▶ **Problem requirements**
Repeat each of these records exactly.
━━ Given entries ━━
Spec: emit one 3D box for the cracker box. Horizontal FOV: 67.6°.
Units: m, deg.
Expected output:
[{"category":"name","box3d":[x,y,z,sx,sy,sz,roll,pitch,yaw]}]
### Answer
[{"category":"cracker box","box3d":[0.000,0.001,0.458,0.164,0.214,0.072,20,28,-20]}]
━━━
▶ **Answer space**
Spec: emit one 3D box for the cracker box. Horizontal FOV: 67.6°.
Units: m, deg.
Expected output:
[{"category":"name","box3d":[x,y,z,sx,sy,sz,roll,pitch,yaw]}]
### Answer
[{"category":"cracker box","box3d":[0.000,0.001,0.458,0.164,0.214,0.072,20,28,-20]}]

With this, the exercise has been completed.